### [Activity]
For this exercise, repeat the records below exactly and omit every picture.
----- Record extracts
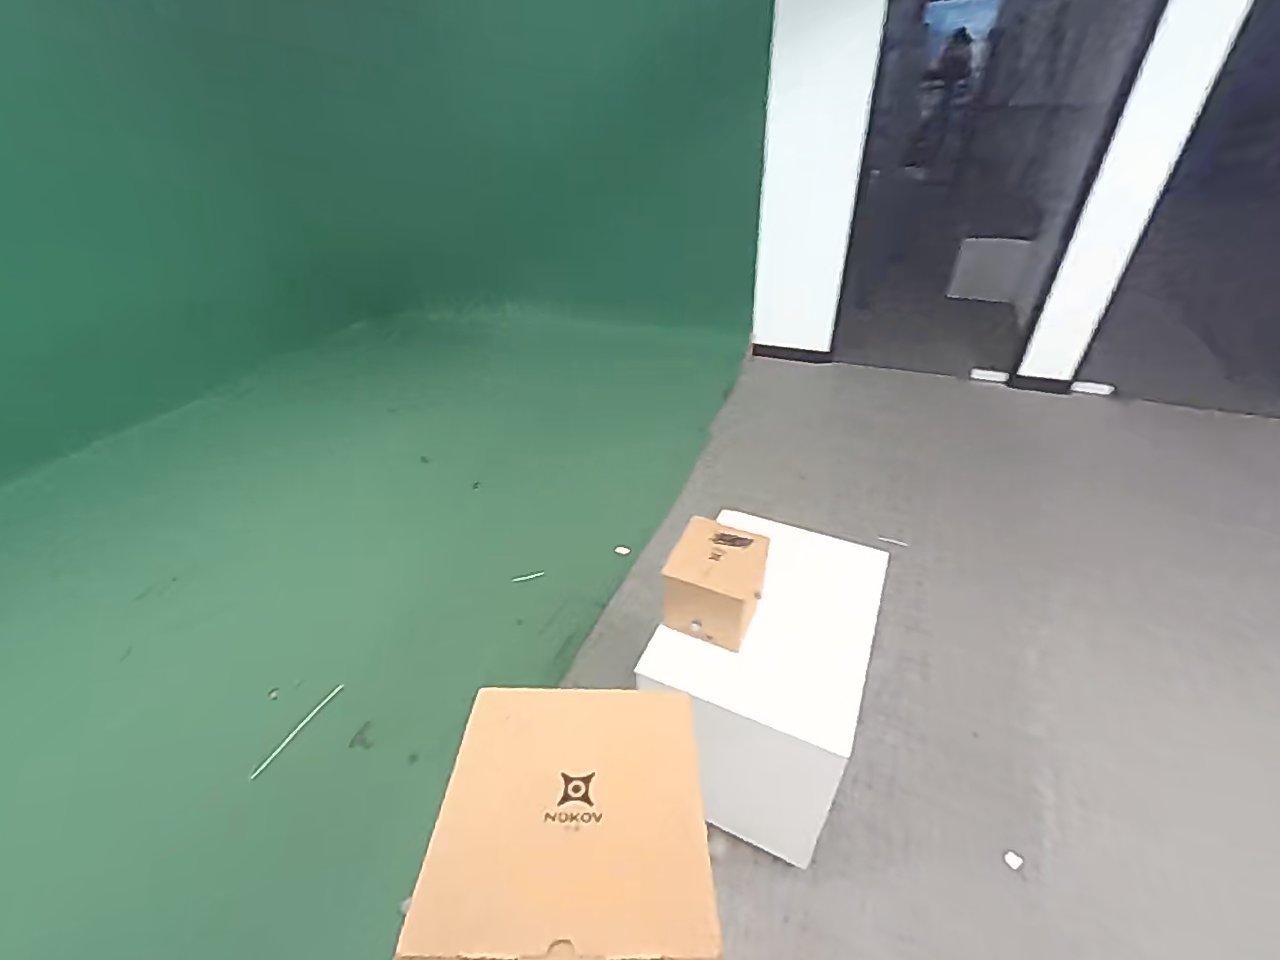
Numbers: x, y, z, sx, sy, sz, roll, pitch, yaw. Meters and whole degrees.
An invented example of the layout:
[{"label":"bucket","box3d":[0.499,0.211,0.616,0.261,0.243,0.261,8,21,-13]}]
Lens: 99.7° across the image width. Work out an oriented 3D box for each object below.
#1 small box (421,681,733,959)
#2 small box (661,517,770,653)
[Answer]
[{"label":"small box","box3d":[-0.037,0.273,0.385,0.168,0.176,0.179,2,26,-2]},{"label":"small box","box3d":[0.151,0.209,1.087,0.168,0.176,0.179,15,43,22]}]
----------
### [Final answer]
Numbers: x, y, z, sx, sy, sz, roll, pitch, yaw. Meters and whole degrees.
An invented example of the layout:
[{"label":"bucket","box3d":[0.499,0.211,0.616,0.261,0.243,0.261,8,21,-13]}]
Lens: 99.7° across the image width. Work out an oriented 3D box for each object below.
#1 small box (421,681,733,959)
#2 small box (661,517,770,653)
[Answer]
[{"label":"small box","box3d":[-0.037,0.273,0.385,0.168,0.176,0.179,2,26,-2]},{"label":"small box","box3d":[0.151,0.209,1.087,0.168,0.176,0.179,15,43,22]}]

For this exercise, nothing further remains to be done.